# Zeus RTA - single coil spare O-rings + seal



## jrvanrooy22 (20/7/21)

Hi all

Anyone know of a place or someone that could make silicone seals for my Zeus RTA single coil tank ?

Or if somebody has a "broken" single coil Zeus with spare bag to sell for R50-R100 ?


----------



## Munro31 (20/7/21)

jrvanrooy22 said:


> Hi all
> 
> Anyone know of a place or someone that could make silicone seals for my Zeus RTA single coil tank ?
> 
> Or if somebody has a "broken" single coil Zeus with spare bag to sell for R50-R100 ?


Go to a hardware store with your tank and fit a o-ring, you can buy a bag full for R50

Reactions: Winner 1


----------



## Viper_SA (20/7/21)

Munro31 said:


> Go to a hardware store with your tank and fit a o-ring, you can buy a bag full for R50



Unless you need the topcap seal. Then you're screwed. Doesn't even have one in the bag of spares. You should be able to get the flat o-rings as well. My flat ones holding the glass in place has taken their fair share of beating and are no longer a 100% snug fit but still does the job perfectly.


----------



## jrvanrooy22 (22/7/21)

Viper_SA said:


> Unless you need the topcap seal. Then you're screwed. Doesn't even have one in the bag of spares. You should be able to get the flat o-rings as well. My flat ones holding the glass in place has taken their fair share of beating and are no longer a 100% snug fit but still does the job perfectly.

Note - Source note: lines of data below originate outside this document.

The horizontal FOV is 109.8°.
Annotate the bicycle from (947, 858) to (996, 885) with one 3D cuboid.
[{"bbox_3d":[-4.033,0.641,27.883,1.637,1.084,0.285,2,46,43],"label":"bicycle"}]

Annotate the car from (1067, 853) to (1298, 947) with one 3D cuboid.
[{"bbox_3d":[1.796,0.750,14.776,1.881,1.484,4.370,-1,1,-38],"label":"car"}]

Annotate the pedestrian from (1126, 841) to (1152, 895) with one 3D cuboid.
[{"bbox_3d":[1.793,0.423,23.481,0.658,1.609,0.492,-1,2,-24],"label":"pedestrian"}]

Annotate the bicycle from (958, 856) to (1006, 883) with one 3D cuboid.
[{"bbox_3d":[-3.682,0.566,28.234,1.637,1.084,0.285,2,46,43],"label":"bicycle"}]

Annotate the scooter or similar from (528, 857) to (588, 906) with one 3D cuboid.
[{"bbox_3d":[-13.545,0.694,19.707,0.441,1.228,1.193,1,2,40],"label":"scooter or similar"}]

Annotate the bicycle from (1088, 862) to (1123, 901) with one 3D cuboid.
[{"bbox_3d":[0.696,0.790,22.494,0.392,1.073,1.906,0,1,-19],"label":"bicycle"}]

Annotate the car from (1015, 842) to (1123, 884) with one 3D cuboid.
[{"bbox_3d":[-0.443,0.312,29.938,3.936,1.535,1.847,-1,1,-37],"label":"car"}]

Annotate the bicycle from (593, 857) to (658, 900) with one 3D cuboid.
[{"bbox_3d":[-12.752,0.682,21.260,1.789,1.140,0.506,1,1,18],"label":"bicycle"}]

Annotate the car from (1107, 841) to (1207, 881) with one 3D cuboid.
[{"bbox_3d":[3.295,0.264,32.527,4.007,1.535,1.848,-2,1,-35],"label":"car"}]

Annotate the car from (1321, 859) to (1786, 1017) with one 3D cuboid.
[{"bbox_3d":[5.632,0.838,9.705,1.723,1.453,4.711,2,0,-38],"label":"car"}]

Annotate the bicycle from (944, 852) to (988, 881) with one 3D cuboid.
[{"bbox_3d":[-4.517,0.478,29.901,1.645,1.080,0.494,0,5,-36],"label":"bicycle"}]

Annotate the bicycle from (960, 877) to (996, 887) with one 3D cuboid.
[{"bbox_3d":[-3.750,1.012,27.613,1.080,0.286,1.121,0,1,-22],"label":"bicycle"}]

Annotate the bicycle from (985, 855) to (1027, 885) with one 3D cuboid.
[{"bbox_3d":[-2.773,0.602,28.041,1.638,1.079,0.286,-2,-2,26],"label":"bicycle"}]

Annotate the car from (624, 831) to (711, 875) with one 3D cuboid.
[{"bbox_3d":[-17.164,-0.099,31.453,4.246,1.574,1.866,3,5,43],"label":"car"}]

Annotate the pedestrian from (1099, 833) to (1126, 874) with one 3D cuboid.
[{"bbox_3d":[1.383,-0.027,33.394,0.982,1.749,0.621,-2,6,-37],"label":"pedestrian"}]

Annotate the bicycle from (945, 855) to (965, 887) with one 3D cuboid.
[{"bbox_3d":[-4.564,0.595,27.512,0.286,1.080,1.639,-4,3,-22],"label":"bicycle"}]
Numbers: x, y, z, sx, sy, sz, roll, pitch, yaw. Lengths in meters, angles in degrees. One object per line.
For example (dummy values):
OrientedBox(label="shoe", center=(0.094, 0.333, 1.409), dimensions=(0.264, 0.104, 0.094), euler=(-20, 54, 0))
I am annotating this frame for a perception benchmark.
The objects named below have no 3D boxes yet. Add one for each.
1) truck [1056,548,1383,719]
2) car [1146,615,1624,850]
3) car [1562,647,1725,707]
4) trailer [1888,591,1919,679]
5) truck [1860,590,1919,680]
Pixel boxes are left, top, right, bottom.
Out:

Thanks, iv got plenty O-Rings, mainly wanted spare top cap seal and 2 x seals for the glass as its not round, its sort of squared/rectangular...was thinking of making my own top cap seal and squared/rectangular rings for the glass by using food grade silicone..its about 100bucks at builders warehouse, just need to find the time and patience to make it


----------